Mengapa saya mengalami kelaparan kulit?

“Perkembangan kulit mendahului perkembangan mata, telinga, rasa dan penciuman, dan anak memiliki lebih dari selusin indera sebelum lahir, dengan indera peraba, rasa sakit dan dingin yang paling beragam.

Selama janin masih dalam kandungan, kulit terbungkus dalam rahim dan cairan ketuban, dan setelah lahir, “keamanan” dan “tekanan” yang dirasakan oleh kulit hilang. Ini adalah sumber inti dari kelaparan kulit. Ini adalah saat ketika semua orang membutuhkan banyak pelukan dan sentuhan, baik secara fisik maupun psikologis, tetapi kebanyakan orang merasa sulit untuk menyadari bahwa mereka mengharapkan gerakan sederhana ini.

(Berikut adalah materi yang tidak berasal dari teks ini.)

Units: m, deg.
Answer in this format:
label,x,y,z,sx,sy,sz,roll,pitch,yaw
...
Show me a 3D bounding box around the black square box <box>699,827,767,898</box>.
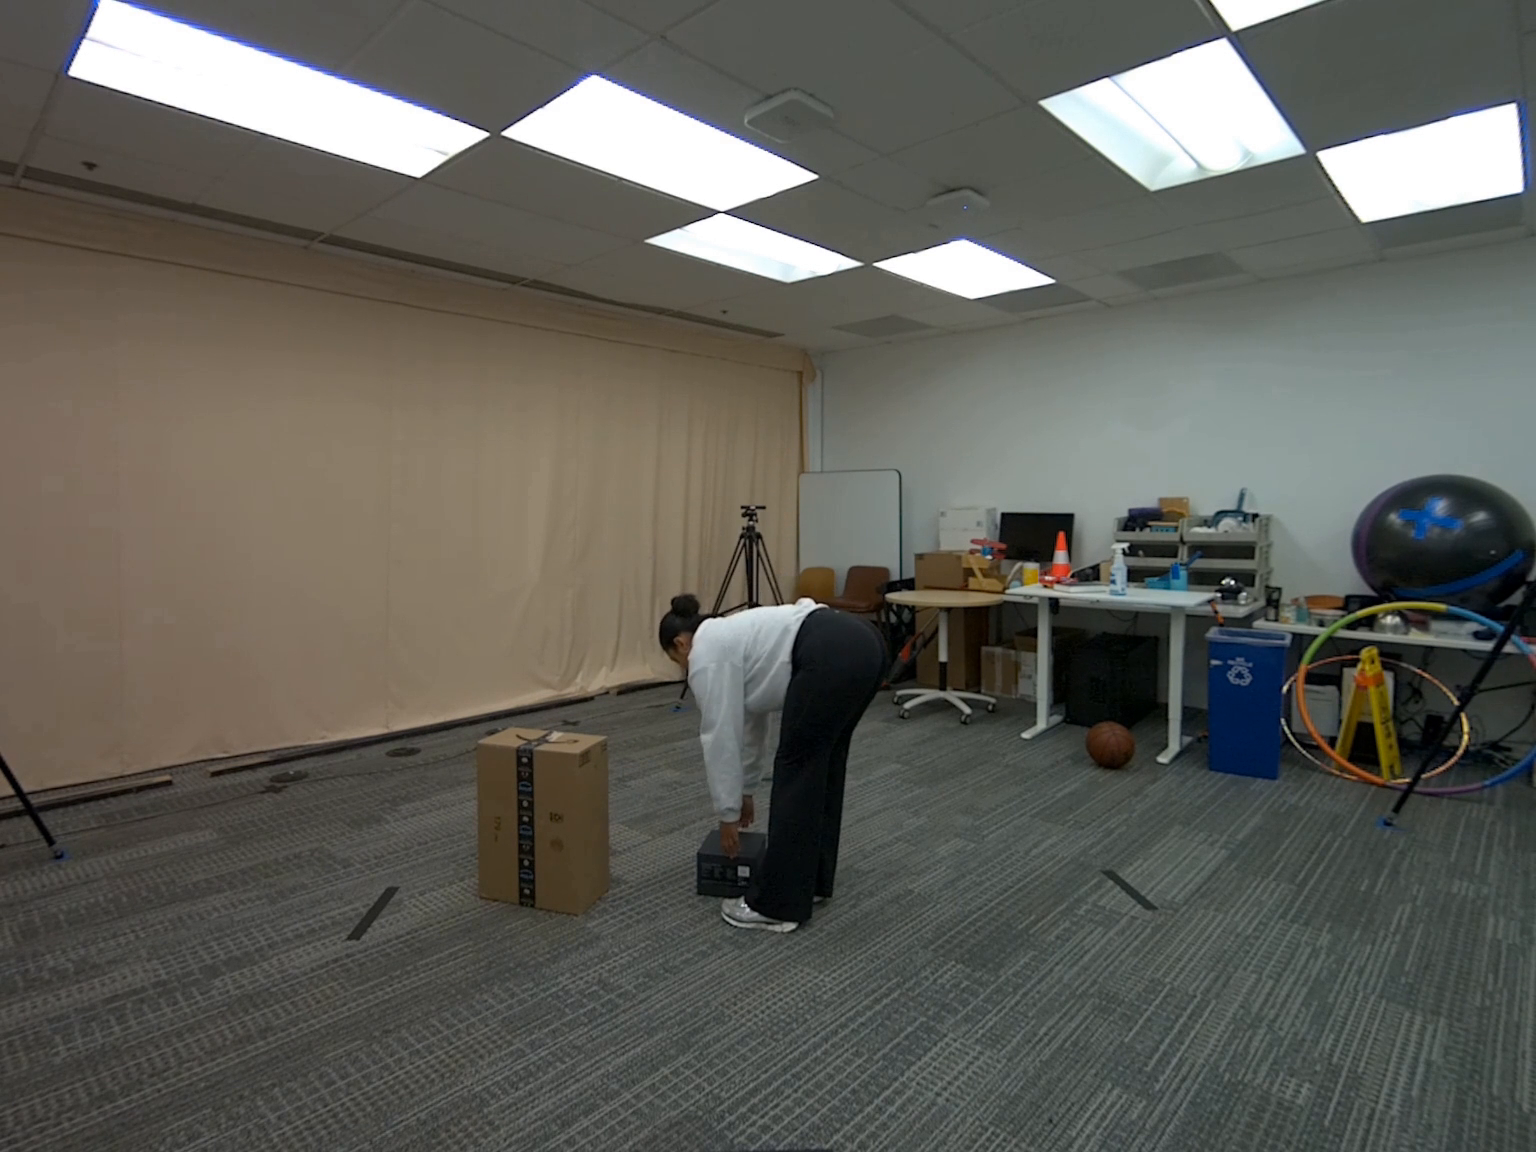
label,x,y,z,sx,sy,sz,roll,pitch,yaw
black square box,-0.120,1.041,3.085,0.220,0.155,0.225,1,4,11
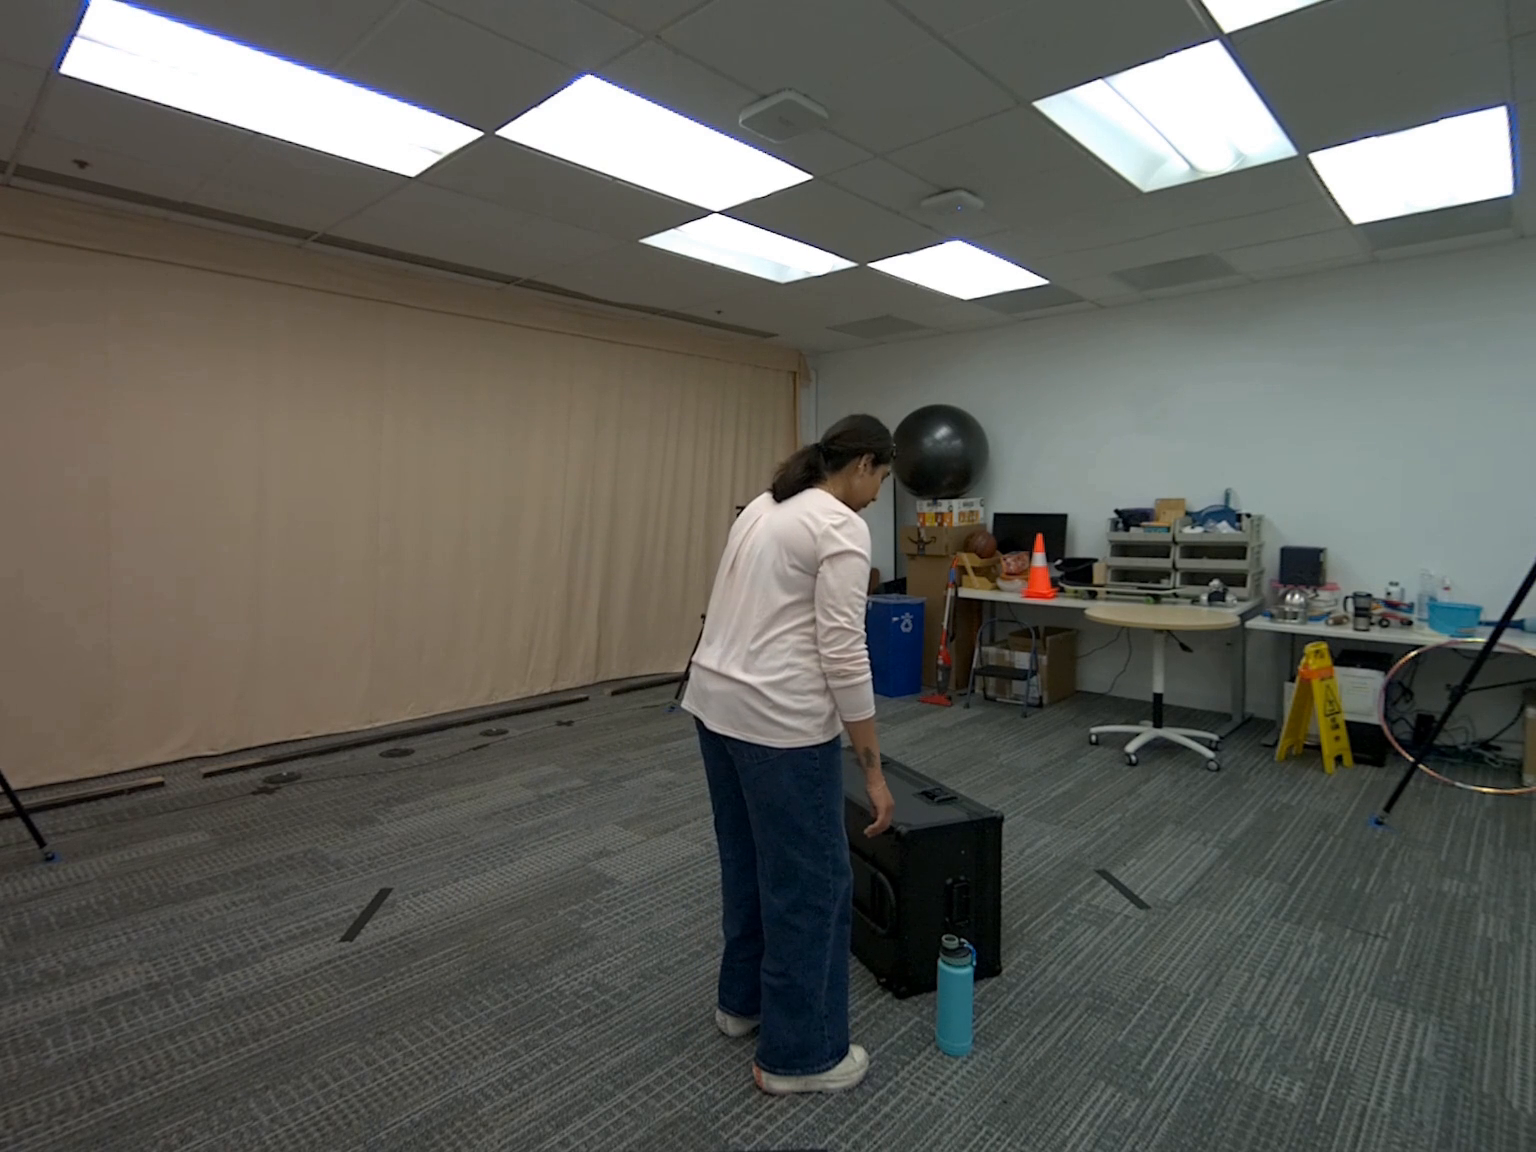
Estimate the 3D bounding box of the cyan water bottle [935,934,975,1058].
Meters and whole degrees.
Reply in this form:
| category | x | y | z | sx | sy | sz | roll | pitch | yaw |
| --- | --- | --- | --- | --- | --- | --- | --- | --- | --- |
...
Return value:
| category | x | y | z | sx | sy | sz | roll | pitch | yaw |
| --- | --- | --- | --- | --- | --- | --- | --- | --- | --- |
| cyan water bottle | 0.480 | 1.066 | 2.162 | 0.092 | 0.283 | 0.092 | 3 | 0 | -2 |
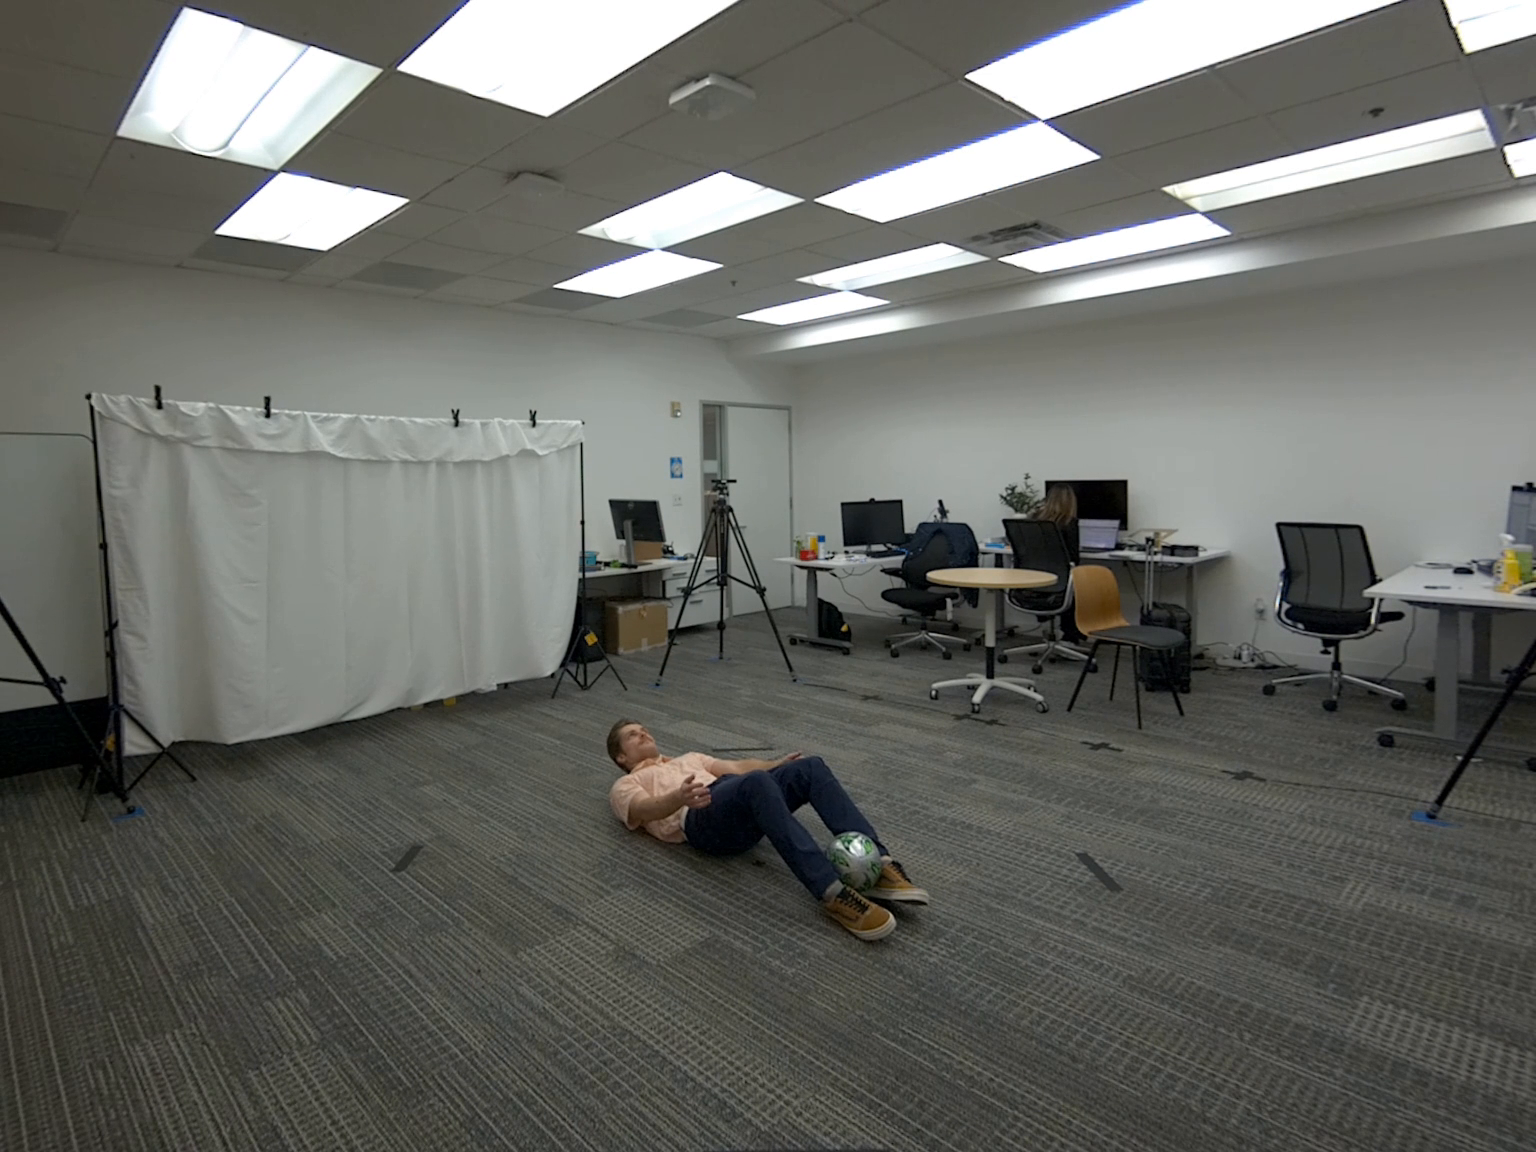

Penelitian medis menunjukkan bahwa bayi yang mempertahankan banyak kontak kulit-ke-kulit dengan orang tuanya dalam 100 hari pertama kehidupannya akan memiliki rasa aman yang lebih solid. Beberapa orang mungkin terus mengalami kelaparan kulit di masa dewasa karena pengasuhan pribadi di mana harapan ini tidak terpenuhi, termasuk trauma di masa kanak-kanak dan masa kanak-kanak, sejarah pengkhianatan, dan perselisihan dalam kehidupan keluarga.”